One extreme case that I know of was someone I worked with. He's recently retired. About ten years ago he came to work at our station in a non operational capacity. We got chatting and I asked him why he was on 'light duties.'
''I'm an alcoholic.'' he replied
He then voluntarily told me his story. Here's one example... He used to come off of a night shift and head for the pub. On his way to the pub he would buy a half bottle of vodka from the 'offy' and drink this en-route to the boozer to get warmed up. He would then remain there all day continuously drinking until 5.45 when he would have to stop as he had to get back to the station for his second night shift. It didn't end there either, he would continue drinking on *duty* and this cycle would become even more protracted on his days off!
It was only when he got arrested when in one of his drunken stupors he tried to kill his wife by setting fire to his own house! ( Although he claims that he doesn't remember any of this. ) He was arrested and of course the brigade got involved and entered him into one of our rehab centres. He amazingly kept his job came back on full duties and has never touched a drop since and doesn't even give alcohol a second thought any more.

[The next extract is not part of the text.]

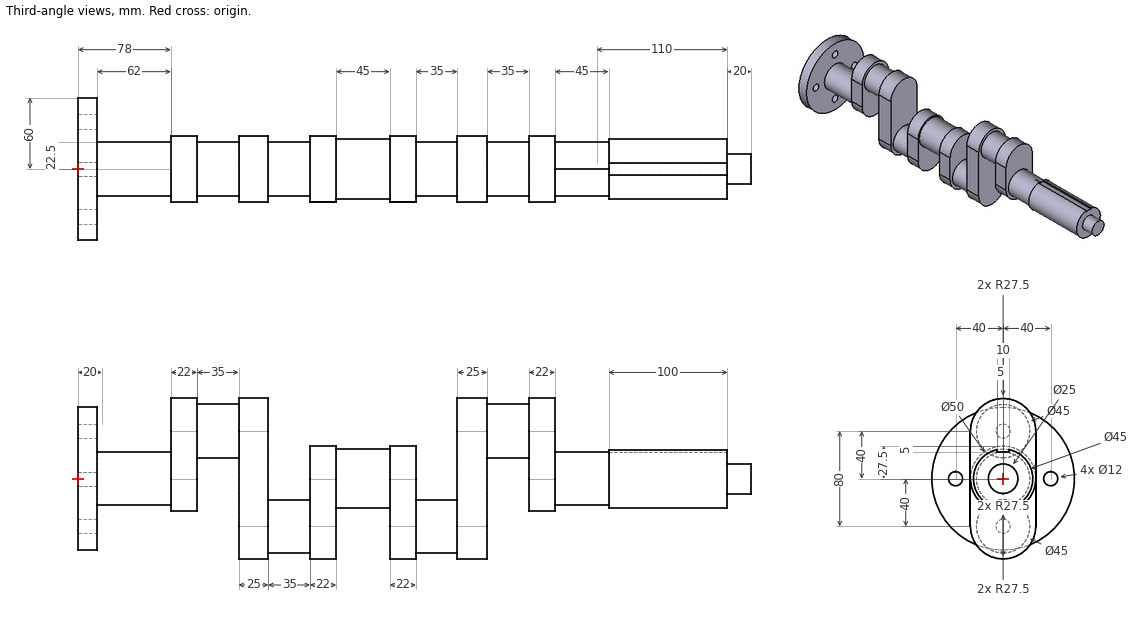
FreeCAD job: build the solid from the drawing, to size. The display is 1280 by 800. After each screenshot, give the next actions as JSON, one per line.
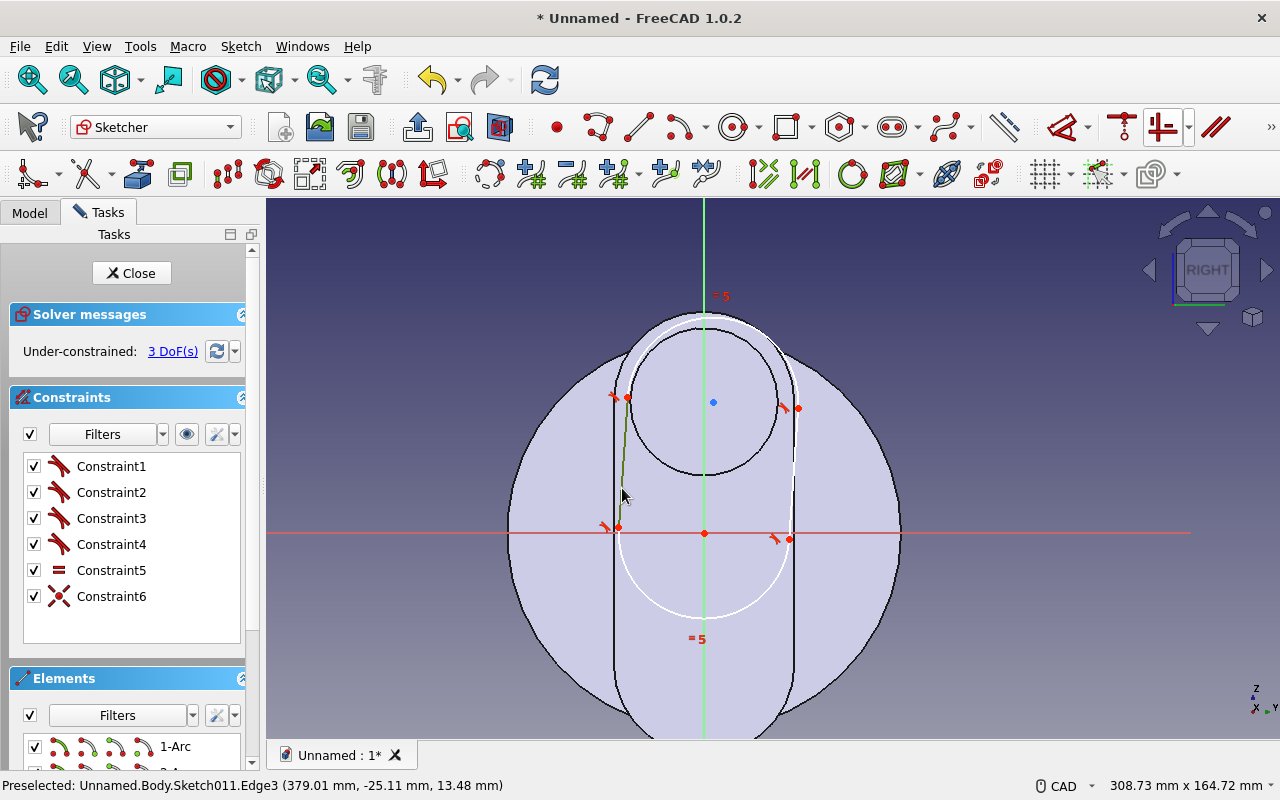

I only tell this tale as it is to my mind a very extreme case and if he could do it I'd hope that most people can.

I wish you all the best mate and really hope that you can do this.

* Drinking on duty has now been banned from the London Fire Brigade. Random alcohol and drugs testing are now regularly carried out.
 
I'm at the top end 9's. Funnily enough i only drink wine ( no beers or spirits in my middle age!) But I can quite happily have my first drink early. Not going to kill the wife though!